Cluster That Index! Part Two



A while back I wrote an article about clustered indexes (Cluster

that index!), where I stated that in my opinion all tables should have a

clustered index defined for them. Since I wanted to keep the focus specifically

on the advantages and disadvantages of clustered indexes I intentionally left

some information and discussion regarding indexes out of the article. In this

article I would like to elaborate on these matters as well as responding to some

comments by you readers to the previous article. If you haven't read that

article I recommend you to do that prior to reading this one as much of this

information relates to that of the other article.

Non-clustered indexes are not bad in any way!

First of all I want to clear any confusion regarding non-clustered indexes. I am

not in any way saying they are bad or should not be used. What I am saying is

that I think every table should have a clustered index, so if you're only going

to have one index on a table it should be a clustered one. The focus on the

prior article was on showing the differences between tables that have a

clustered index and those that don't (heap tables, or simply heaps). In this

article I will describe some more details regarding indexes and also try to give

some advice on where to use what index type.

Indexes and modifications

One question I was asked was how indexes and their effect on modifications

(INSERT, UPDATE and DELETE) fits in with the clustered/non-clustered pros and

cons. First of all, I don't really see this as something that should define

whether a table should have a clustered index or not. Consider table T1 below,

where we have a column id that we'll probably want to define as primary

key, and a second column name which is probably the argument used when

searching this table.


  id int identity(1,1) NOT NULL   , name varchar(25) NOT NULL)  

Even if id is sometimes specified as search argument (it might be an employee id

for instance), it will probably not be used for range searches, i.e. WHERE id

BETWEEN 1 AND 10. The second column, name, will be much more likely to do range

searches with. Remember that a right-truncated search (using % as a suffix in a

LIKE clause) is a range search, i.e. WHERE name LIKE 'a%'. In the prior article

I showed that clustered indexes really excel in range queries, while they won't

have any different effect (neither positive nor negative) than a non-clustered

index for 'normal' queries. So, we can easily see that name is a good candidate

for a clustered index, and id would not be a good choice. Remember however that

id is the primary key of the table, and when you define a primary key for a

table SQL Server will automatically create an index for that key. By default SQL

Server will create a clustered index for a primary key, but you can specify

explicitly that you want the index to be a non-clustered index. But as I showed

in the prior article all tables should have a clustered index defined for them

as that effectively changes the way the table is physically stored. As I

described, since heap tables can suffer from some very performance heavy

disadvantages, the biggest advantage of having a clustered index was not that it

was great for range searches but rather the disadvantages avoided by having it.
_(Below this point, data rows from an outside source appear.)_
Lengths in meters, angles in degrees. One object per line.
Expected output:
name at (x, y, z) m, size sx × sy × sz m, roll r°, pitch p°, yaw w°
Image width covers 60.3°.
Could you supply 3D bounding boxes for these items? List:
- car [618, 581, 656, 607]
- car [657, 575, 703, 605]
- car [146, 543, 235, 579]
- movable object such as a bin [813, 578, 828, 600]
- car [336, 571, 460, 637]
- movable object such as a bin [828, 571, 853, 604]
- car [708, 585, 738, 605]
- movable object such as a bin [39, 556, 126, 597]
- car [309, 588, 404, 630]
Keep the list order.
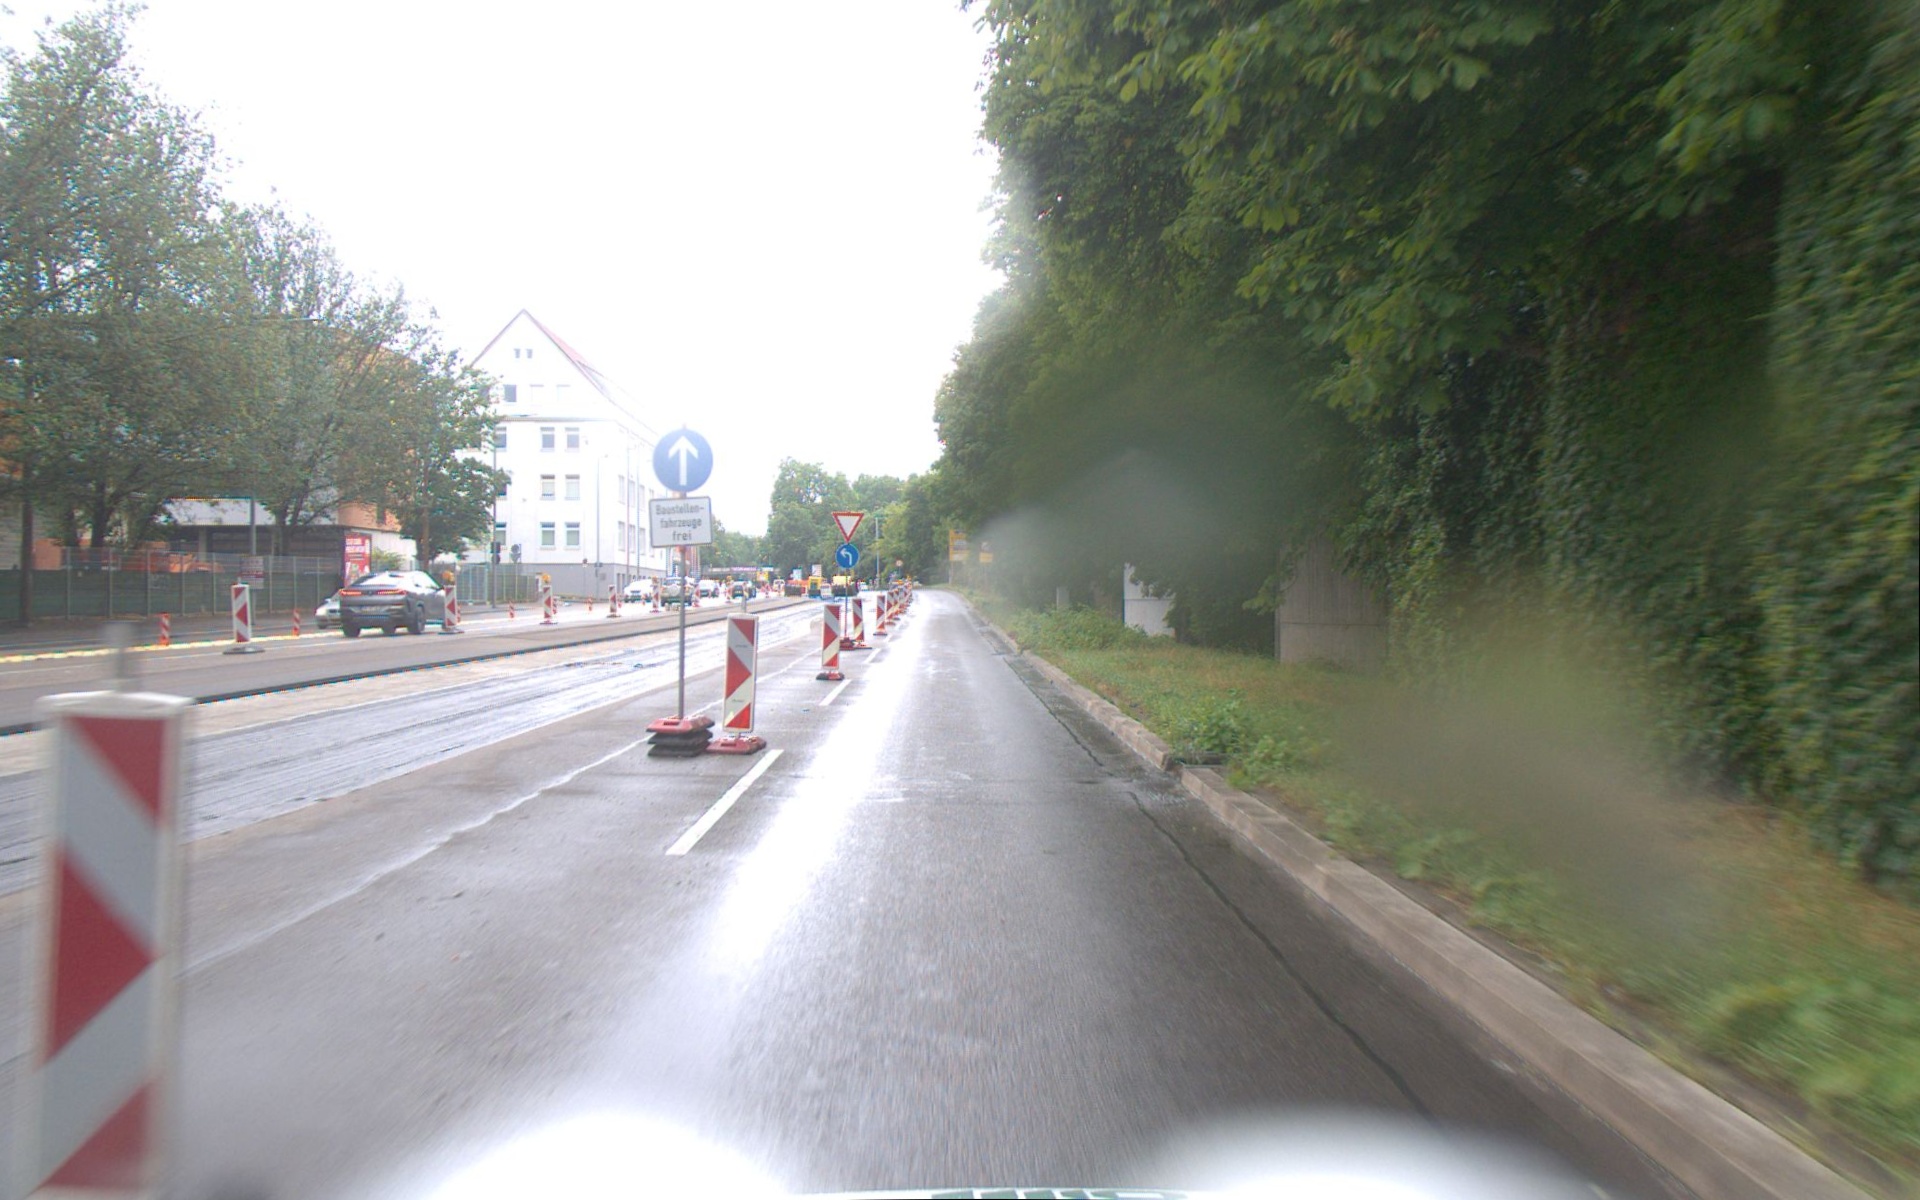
car at (-23.058, -0.433, 118.047) m, size 1.821 × 1.735 × 4.364 m, roll -2°, pitch 0°, yaw -1°
car at (-15.881, -0.562, 93.984) m, size 1.854 × 1.679 × 4.395 m, roll 0°, pitch 0°, yaw 0°
car at (-34.078, -1.692, 73.216) m, size 3.944 × 1.554 × 1.992 m, roll 0°, pitch 1°, yaw 37°
movable object such as a bin at (-11.174, -0.892, 132.315) m, size 1.061 × 1.673 × 2.438 m, roll 0°, pitch 1°, yaw -2°
car at (-15.038, 0.083, 44.489) m, size 1.854 × 1.679 × 4.395 m, roll 0°, pitch 0°, yaw 0°
movable object such as a bin at (-10.124, -1.084, 140.574) m, size 1.863 × 2.654 × 5.382 m, roll -1°, pitch 1°, yaw -1°
car at (-18.748, -0.394, 131.130) m, size 1.821 × 1.501 × 3.731 m, roll -2°, pitch 0°, yaw -1°
movable object such as a bin at (-33.807, -0.895, 63.667) m, size 3.952 × 1.554 × 1.743 m, roll 0°, pitch 1°, yaw 42°
car at (-21.059, 0.272, 57.875) m, size 1.633 × 1.338 × 4.454 m, roll -2°, pitch 0°, yaw 0°

So, to get back to the question, how does clustered/non-clustered indexes fit in

with indexes and their disadvantages on modifications? As I said earlier, I

don't think it is relevant at all. If you have a table that is heavily modified

more or less all the time and you therefore don't want to have too many indexes

on it, then let your the id column (which is the table's primary key) have a

clustered index and be done with that. You probably won't be able to use the

nice features of range searches with it, but at least you'll avoid the troubles

of heap tables. However, since I work not only as a DBA but also as a search

engine developer I tend to favor quick responses when searching, and therefore I

like to index not only keys but also columns used in search arguments. And

that's my recommendation, if you are going to have just a single index, make it

a clustered index, but if you're going to have several indexes you should think

hard about which one to choose as a clustered index. But always have a clustered

index on every table.


Another question I got was how much disk space a clustered index takes up

compared to the table it is indexing, and if this extra disk space is a

disadvantage of clustered indexes. Before I answer this, let me just say that if

I had to choose between the extra disk space a clustered index takes or leaving

a table as a heap table I would probably choose a clustered index (with the

extra disk space it takes) in 99% of all situations. Of course, every choice you

make regarding performance and configuration should always be thought through

and well tested, but disk space is so cheap today that I think it would be very

unusual if you had to make that choice.


It is still interesting to calculate the size of an index, and as I said in some

situations you might have to take this into consideration. Actually, a clustered

index does not take that much extra disk space. First of all, remember that the

leaves of the clustered index is the actual data, sorted in index order, so even

if you drop the clustered index these pages will be (more or less) the same. The

extra space usage instead comes from the levels above the leaf level in the

index B-tree. Exactly how much space these extra levels use depends on the

amount of data in the table and the size of the indexing key (the column(s) that

the index is defined on). Each data page, and remember that in a clustered index

this is the same as the leaf level pages of the index, requires one index row in

the index page on the level directly above it. To calculate the number of index

pages needed for the level directly above the leaf level we use the following



  P / (8096 / K)


where P is the number of leaf level pages and K is the size (in bytes) of the

index key. 8096 is the maximum amount of bytes that can be stored per index

page. If this result is more than 1 we take this number and use it as P in the

same formula to find out the number of index pages in the next level. When we

end up with just one page we've found the root level. In Inside SQL Server

2000 Kalen Delaney shows an example of this. For a table with 10.000 data

pages (each page containing 8 KB data) there is a clustered index defined on a

fixed-length character column of bytes (char(5)). Each index key row in this

index use 12 bytes (key size + overhead). This means that 15 index pages (10000

/ (8096 / 12) = 15) is needed at the level directly above the leaf level. The

level above this will consist of a single page, the root level. The extra size

used by adding this clustered index is therefore 16/10000, i.e. less than 1%. As

you can see, a clustered index doesn't really use very much extra space. 1% is

normally a good estimate that you can use if you don't want to calculate it

exactly, it will even be a bit high (as in the example). As always it is of

course necessary to define the index key as small as possible.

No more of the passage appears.